Потом некий Сергей Абрамов (новенький, 50 лет, бывший лесной пожарник, коллега Коли Хоничева) почитал свои стихи. Поэтическое мышление просматривается, собственное видение, образы, связанные с его профессией (часто слова дым, пожар, даже цокот лошадиных копыт сравнивается с треском костра), но художественная палитра бедна, в зачаточном состоянии, чувствуется, что сам поэзию читает мало (если читает), рифмы слабые и размер какой угодно, совершенно не выдерживается - в общем, вечная беда самобытных поэтов.
Был ещё второй дядечка, ну тот - чистый валенок. Ходили бы хоть на «Томский Автограф», может, что путное и сотворили, но поздно!

Вот он - недостаток образования.

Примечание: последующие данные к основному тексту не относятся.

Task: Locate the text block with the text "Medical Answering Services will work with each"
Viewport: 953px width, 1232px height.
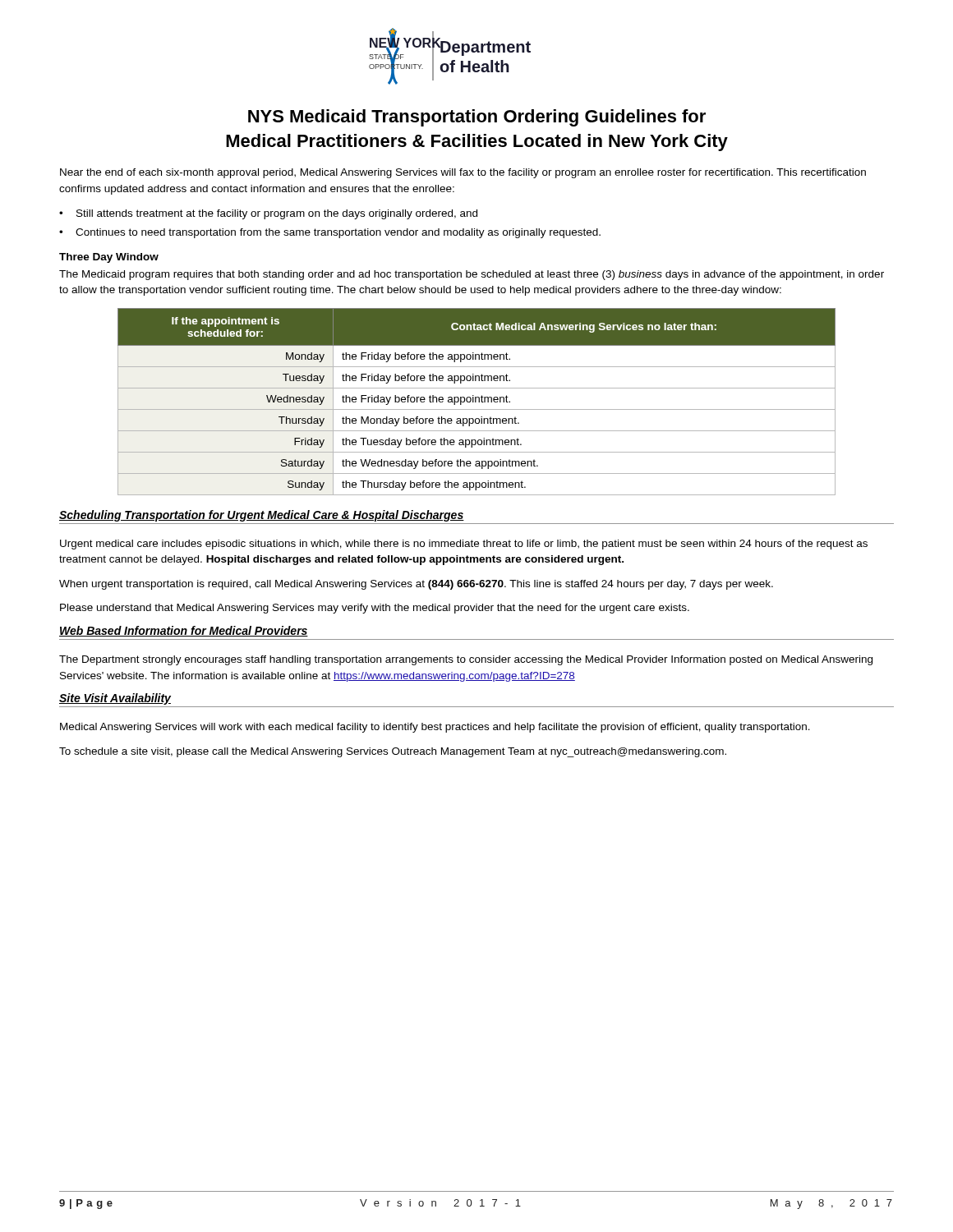Action: [435, 727]
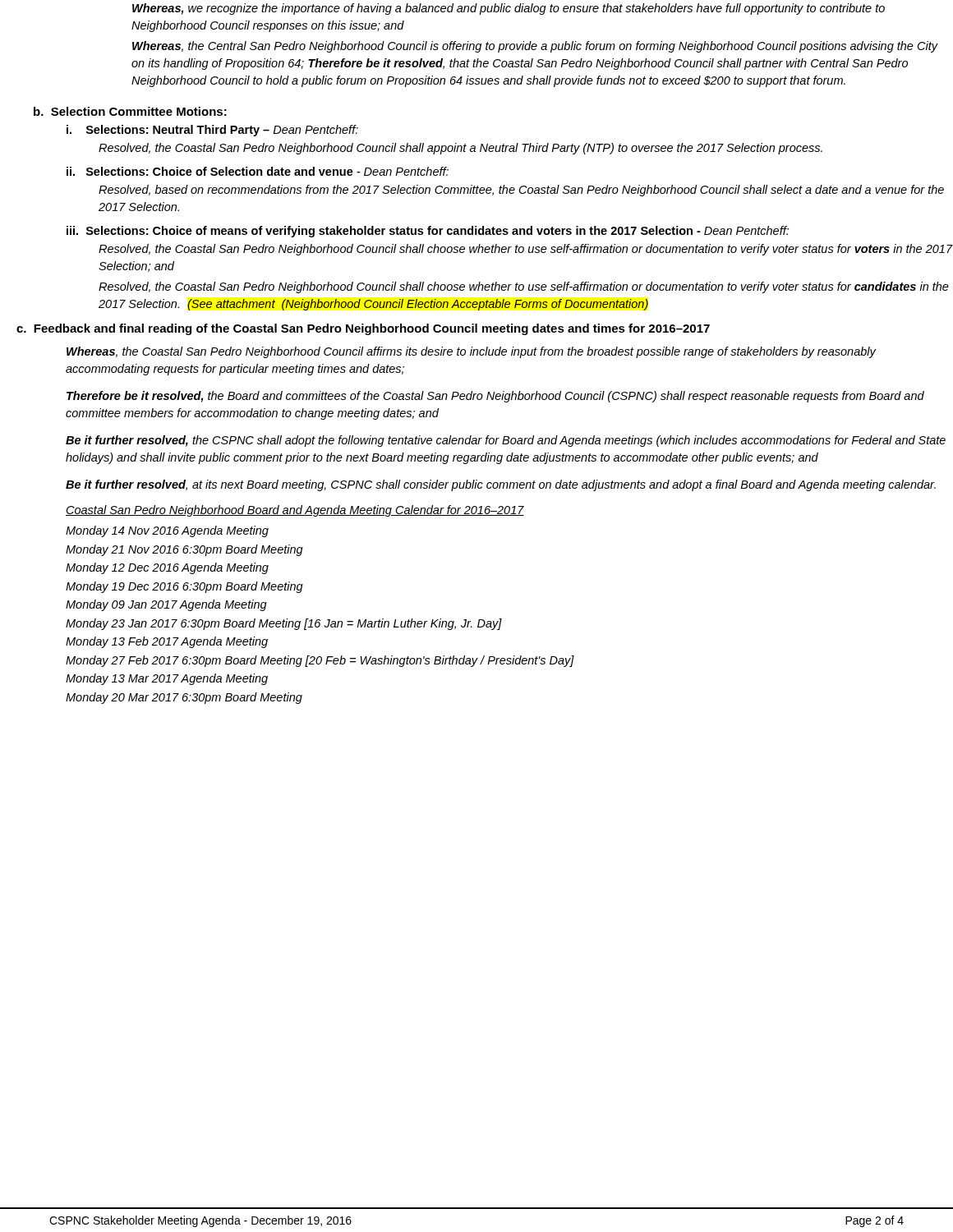
Task: Locate the text starting "Whereas, the Coastal"
Action: click(509, 361)

Тянет к себе поэзия, что-то там, в глубине шевелится, а почва неудобная, не удобренная (мал запас слов, нет знаний правил элементарного стихосложения), а самое главное - мал запас художественных образов, который дает классическое образование, жизненный опыт, широкий кругозор. В пятьдесят лет опыт уже есть - а кругозор ограничен. Где был, кроме томских лесов? Что видел? С кем общался? Что слышал, читал? Без этого запаса, даже и с богатым даром в душе, ничего путного не создашь, или создашь пару-тройку из двухсот некчемных, так кто тебя воспримет, как творческую личность, если так беден выход чего-то стоящего? Понятно, не касается это разве безоговорочных поэтических гениев: им рифмы, образы и слова свыше "нашёптываются".
 
15.03.2002 …на "ТА" Александр Панов, редчайший гость. Его вечер был в самом начале существования «ТА», очень мне понравился тогда - ироничный, спокойный, по-умному добрый. Стихи очень хорошие, классные, на мой взгляд. Ничуть не хуже тех, что печатают в толстых столичных журналах. Он читал свои произведения и новые, и старые (последние посвятил женщинам - отзвук 8 марта), причем сделал игру, мол, заказывайте страницу и говорите, какой женщине посвящаете - были очень интересные совпадения.
Потом представились четыре новых посетителя со своими стихами, один очень хорошее прочел с философским подтекстом о времени и смысле жизни, но длинноватое. Остальные - шелупонь.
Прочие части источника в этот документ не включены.